January 30, 2013 at 5:54 p.m.
Faith seen as 'private eccentricity' in England, says top Catholic cleric
Writing in a book released this week, Cardinal Cormac Murphy-O'Connor came down hard on what he said was Britain's growing degeneration into a land free of morals and hostile to Christian values.
The book, called "Faith in the Nation," was published by the Institute for Public Policy Research and counts among its supporters Prime Minister Gordon Brown, himself the son of a hard-line Church of Scotland minister.
Murphy-O'Connor cites "serious tensions" between Christians and secularists in his book. The result, he said, has become an "unfriendly climate for people of all faiths" that has, as a result, united Britain's three major faiths: Christianity, Judaism and Islam.
"Religious belief of any kind now tends to be treated more as a private eccentricity than as the central and informative element in British society that it is," the cardinal writes.
"Although the tone of public discussion is sceptical or dismissive rather than anti-religious," he contends, "atheism has become more vocal and aggressive."
Murphy-O'Connor claims that Catholics have become the prime target of "liberal hostility" and that "the vocal minority who argue that religion has no role in modern British society portrays Catholic teaching on the family as prejudiced and intolerant."
But "Catholics are not alone in watching with dismay as the liberal society shows signs of degenerating into the libertine society," said the cardinal, who is nearing retirement from his role as the nation's senior and most powerful Catholic figure.

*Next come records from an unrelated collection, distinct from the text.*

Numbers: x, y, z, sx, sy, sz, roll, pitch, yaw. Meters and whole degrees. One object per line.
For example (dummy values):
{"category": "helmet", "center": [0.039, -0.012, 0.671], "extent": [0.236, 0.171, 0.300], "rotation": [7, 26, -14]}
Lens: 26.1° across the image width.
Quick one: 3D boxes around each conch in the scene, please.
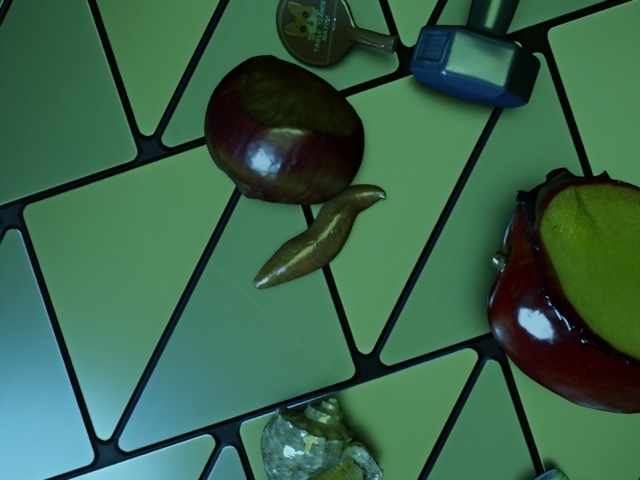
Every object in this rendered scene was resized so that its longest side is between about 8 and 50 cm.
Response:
{"category": "conch", "center": [-0.007, 0.287, 1.701], "extent": [0.155, 0.130, 0.207], "rotation": [24, 106, 14]}

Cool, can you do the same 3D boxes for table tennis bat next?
{"category": "table tennis bat", "center": [0.042, -0.279, 1.757], "extent": [0.170, 0.119, 0.107], "rotation": [19, 118, 24]}

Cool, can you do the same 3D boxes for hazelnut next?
{"category": "hazelnut", "center": [-0.050, -0.138, 1.699], "extent": [0.170, 0.160, 0.202], "rotation": [-39, 51, -10]}

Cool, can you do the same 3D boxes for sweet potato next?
{"category": "sweet potato", "center": [-0.001, -0.001, 1.738], "extent": [0.202, 0.058, 0.055], "rotation": [-43, 46, -2]}

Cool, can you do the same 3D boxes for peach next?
{"category": "peach", "center": [0.358, 0.082, 1.659], "extent": [0.362, 0.201, 0.257], "rotation": [17, 60, -11]}

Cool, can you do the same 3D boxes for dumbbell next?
{"category": "dumbbell", "center": [0.224, -0.323, 1.682], "extent": [0.144, 0.156, 0.316], "rotation": [18, 91, 31]}

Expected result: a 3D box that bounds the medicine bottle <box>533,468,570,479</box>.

"British society champions tolerance and freedom," he said, "but that freedom is dependent upon responsibility."
Murphy-O'Connor's tough stance irked Keith Porteous Wood, executive director of the National Secular Society in London, who told journalists that "secularists and atheists are finding it necessary to express their views more vocally because of the increasing demands made by Christians and minority faiths."